13 mars 2020


" Ouragan "   de Laurent Gaudé   18/20



      A la Nouvelle-Orléans, humant l'air du petit matin, Joséphine, une femme noire bientôt centenaire, sait que la grande vicieuse est de retour et que sa force dépassera celle de tous les ouragans qu'elle a vu s'abattre sur son pays de cœur, la Louisiane.

      A partir de la catastrophe climatique de 2005, où les forces de la nature se déchaînent avec une fureur inédite, Laurent Gaudé nous propose une hétéroclite galerie de personnages n'ayant pas pu quitter la ville pour se mettre à l'abri. Devant la colère des éléments, chacun d'eux sera confronté à sa vérité profonde. En effet, quand le chaos et la peur règnent, quand il n'y a plus personne pour faire respecter la loi, l'anarchie prend le relais avec ce qu'elle a de plus détestable. Dans ce pays ravagé où tout repère social ou moral est banni, l'Homme se révèle à lui-même, les masques tombent.

      Parmi la dizaine de protagonistes qui vont se croiser, formant une chorale symbolisant les cris et les pleurs d'une ville abandonnée à son sinistre sort, l'une de ces voix, celle de Joséphine, rappelle la condition humaine du peuple noir. Elle chante la douleur de toutes les tragédies qu'il a vécues, de toutes les injustices qu'il a subies et subies encore aujourd'hui. Malgré tout cela, ou à cause de tout cela, Joséphine ne plie jamais le genou, sa dignité est sa seule force et sa détermination est d'être, en toutes circonstances, une femme debout.

      Dans ce capharnaüm, un religieux se croit autorisé à être la main de Dieu, la main qui punit, la main de l'apocalypse, celle qui poursuit l'oeuvre dévastatrice de l'ouragan. Puisque Dieu a décidé de punir cette ville, il m'autorise à parfaire sa dévastation. Je suis le prolongement de sa volonté, je suis l'homme qui condamne et l'outil qui châtie au nom du seigneur tout puissant ! Toute la folie du monde est représentée dans ce personnage illuminé.

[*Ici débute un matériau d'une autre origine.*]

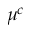<formula> <loc_0><loc_0><loc_500><loc_500>\mu ^ { c }</formula> 
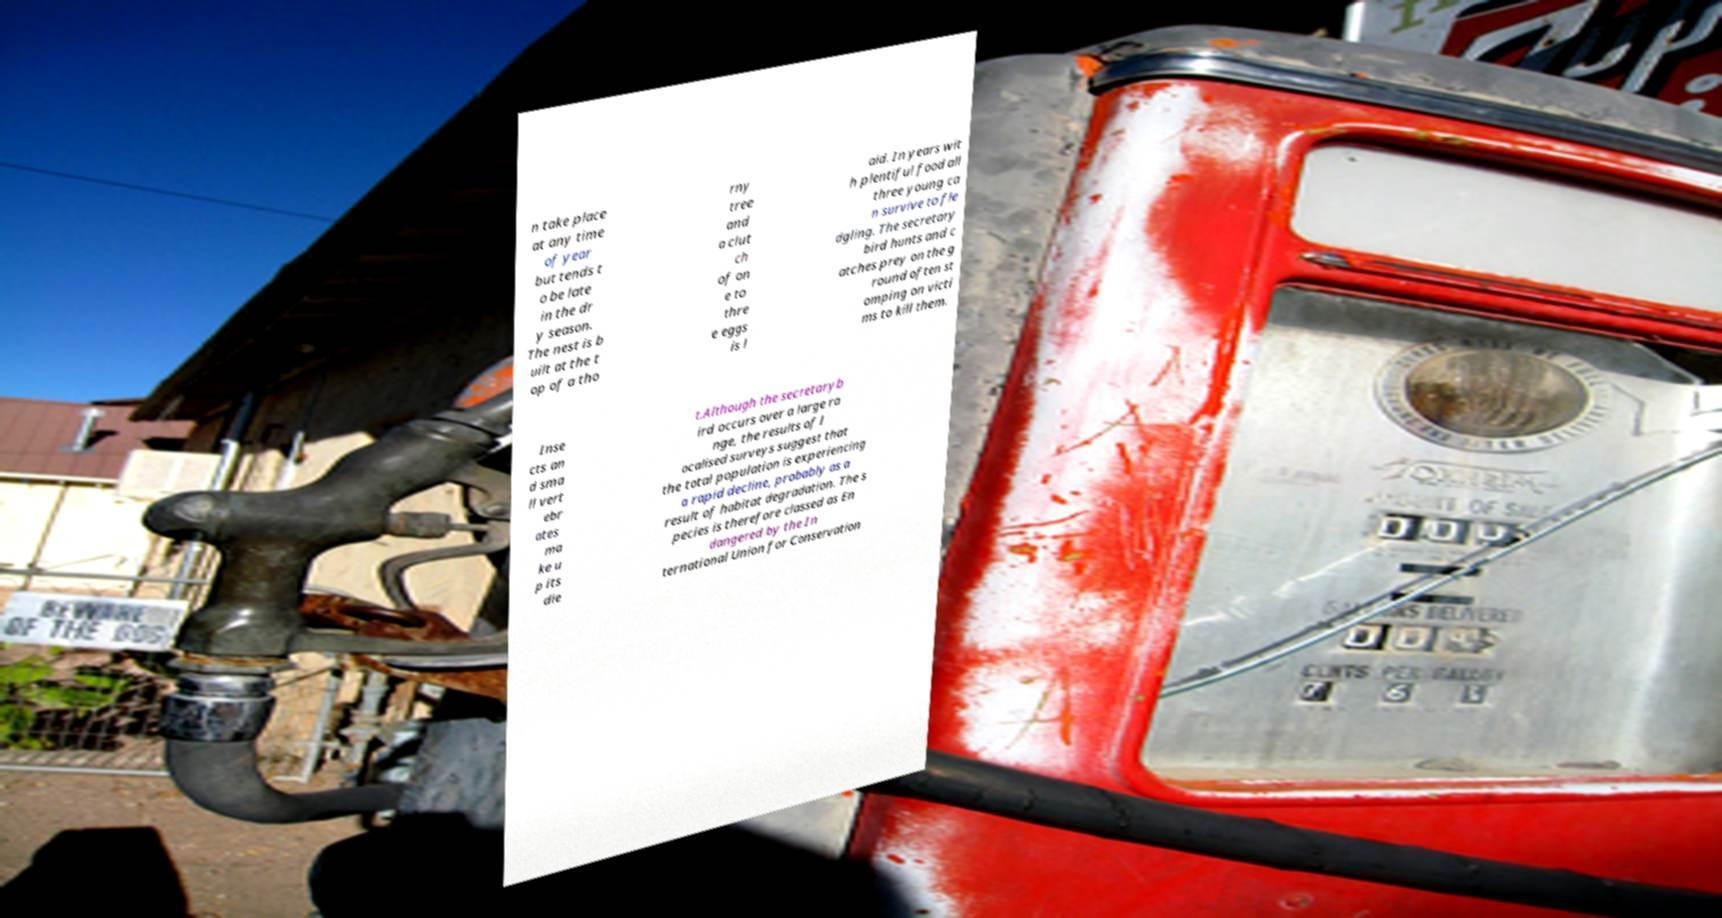There's text embedded in this image that I need extracted. Can you transcribe it verbatim? n take place at any time of year but tends t o be late in the dr y season. The nest is b uilt at the t op of a tho rny tree and a clut ch of on e to thre e eggs is l aid. In years wit h plentiful food all three young ca n survive to fle dgling. The secretary bird hunts and c atches prey on the g round often st omping on victi ms to kill them. Inse cts an d sma ll vert ebr ates ma ke u p its die t.Although the secretaryb ird occurs over a large ra nge, the results of l ocalised surveys suggest that the total population is experiencing a rapid decline, probably as a result of habitat degradation. The s pecies is therefore classed as En dangered by the In ternational Union for Conservation

      Une fois de plus, Laurent Gaudé évite les clichés et nous raconte l'histoire de miséreux non seulement démunis, mais usés, épuisés et vaincus par la vie. Ils devront, une fois encore, livrer un combat de plus, un combat de trop ? Quand ce n'est pas une lutte contre la discrimination absurde et assassine du peuple blanc, c'est une bataille contre un ouragan d'une force inouïe. N'ayant pu fuir par faute de moyen, contrairement à la majorité blanche, ce peuple de douleur devra faire le dos rond et prier pour implorer la clémence de forces incontrôlables : celle de la tempête, celle de l'eau qui monte, celle des alligators profitant d'une manne inespérée et celle des hommes sans morale.

      Ouragan est l'histoire d'une tragédie, portée haut par une langue incisive et poétique, et dont certaines phrases résonnent dans nos têtes, telles des incantations.